Pflanzen und Thiere Vorder-Jndiens.
Der Reichthum der indischen Pflanzenwelt ist unermeßlich. Der Tikbaum
mit seinen 3 Fuß langen, 1£ Fuß breiten, unten silberweiß glänzenden Blättern
ist mächtig, wie unsere Eiche, und hat ein noch festeres Holz. An 100 Fuß
steigt die schlanke Palme empor, von der es hier mehr denn 20 Arten giebt.

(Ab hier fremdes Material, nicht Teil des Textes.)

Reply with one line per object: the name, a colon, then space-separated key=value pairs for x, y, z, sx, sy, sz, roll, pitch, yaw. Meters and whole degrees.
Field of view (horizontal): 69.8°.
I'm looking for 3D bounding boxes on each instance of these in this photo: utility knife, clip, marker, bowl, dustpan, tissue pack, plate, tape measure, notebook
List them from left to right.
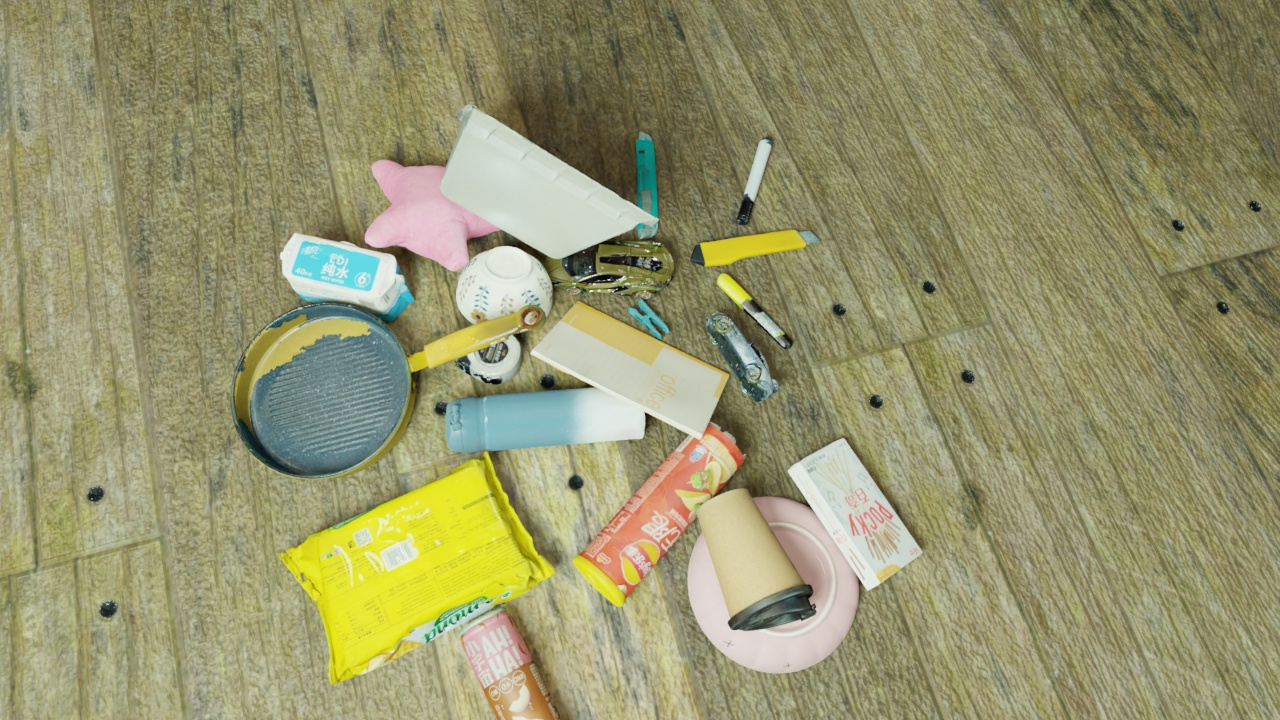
tissue pack: x=-0.334 y=-0.096 z=1.051 sx=0.140 sy=0.090 sz=0.063 roll=13 pitch=74 yaw=0
tape measure: x=-0.171 y=-0.006 z=1.064 sx=0.066 sy=0.034 sz=0.065 roll=28 pitch=70 yaw=8
bowl: x=-0.156 y=-0.092 z=1.065 sx=0.113 sy=0.062 sz=0.113 roll=5 pitch=51 yaw=-7
dustpan: x=-0.110 y=-0.225 z=1.030 sx=0.222 sy=0.258 sz=0.142 roll=28 pitch=66 yaw=-21
notebook: x=-0.006 y=0.006 z=1.045 sx=0.206 sy=0.010 sz=0.145 roll=27 pitch=32 yaw=5
utility knife: x=0.007 y=-0.225 z=1.174 sx=0.029 sy=0.013 sz=0.160 roll=0 pitch=70 yaw=-7
clip: x=0.011 y=-0.050 z=1.109 sx=0.046 sy=0.014 sz=0.057 roll=-39 pitch=79 yaw=-19
marker: x=0.140 y=-0.059 z=1.126 sx=0.018 sy=0.015 sz=0.124 roll=-42 pitch=82 yaw=-17
utility knife: x=0.144 y=-0.142 z=1.156 sx=0.173 sy=0.015 sz=0.033 roll=-9 pitch=77 yaw=-10
marker: x=0.148 y=-0.233 z=1.187 sx=0.018 sy=0.023 sz=0.130 roll=16 pitch=70 yaw=6
plate: x=0.149 y=0.240 z=1.001 sx=0.192 sy=0.039 sz=0.192 roll=2 pitch=70 yaw=-5

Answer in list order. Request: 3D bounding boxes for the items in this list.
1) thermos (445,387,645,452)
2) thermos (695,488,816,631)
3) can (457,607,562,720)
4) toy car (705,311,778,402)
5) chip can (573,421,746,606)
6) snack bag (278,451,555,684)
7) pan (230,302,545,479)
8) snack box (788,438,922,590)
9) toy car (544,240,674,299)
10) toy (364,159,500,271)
thermos: x=-0.107 y=0.065 z=1.026 sx=0.220 sy=0.070 sz=0.070 roll=-4 pitch=70 yaw=-9
thermos: x=0.114 y=0.208 z=0.945 sx=0.093 sy=0.093 sz=0.143 roll=-18 pitch=64 yaw=-12
can: x=-0.129 y=0.329 z=0.931 sx=0.057 sy=0.058 sz=0.147 roll=-27 pitch=74 yaw=-15
toy car: x=0.118 y=-0.006 z=1.082 sx=0.036 sy=0.054 sz=0.120 roll=-31 pitch=74 yaw=-13
chip can: x=0.022 y=0.163 z=1.001 sx=0.073 sy=0.073 sz=0.216 roll=40 pitch=71 yaw=9
snack bag: x=-0.234 y=0.210 z=0.960 sx=0.246 sy=0.068 sz=0.158 roll=-25 pitch=74 yaw=-13
pan: x=-0.271 y=0.008 z=0.996 sx=0.357 sy=0.078 sz=0.197 roll=-16 pitch=76 yaw=-2
snack box: x=0.240 y=0.169 z=1.028 sx=0.084 sy=0.027 sz=0.156 roll=-21 pitch=70 yaw=-38
toy car: x=-0.039 y=-0.114 z=1.115 sx=0.158 sy=0.042 sz=0.070 roll=0 pitch=69 yaw=-3
toy: x=-0.232 y=-0.173 z=1.086 sx=0.178 sy=0.075 sz=0.194 roll=2 pitch=47 yaw=-16

Der Banianenbaum senkt aus der Höhe von 100 Fuß Rauken zur Erde, welche
wieder Wurzeln schlagen und einen neuen Baum bilden, so daß in kurzer
Zeit ein einziger Baum sich in einen Wald verwandelt, durch dessen dichtes
Laub kein Sonnenstrahl hindurchdringen kann. Eine Baniane bei Patra hat
60 Hauptstämme, und ihr Schatten hat um Mittag 1500' im Umfange. Die
baumartige Banane dagegen treibt jährlich Stämme von 20' Höhe mit
Blättern von 10' Länge und 2' Breite und trägt eßbare Früchte von 30 U.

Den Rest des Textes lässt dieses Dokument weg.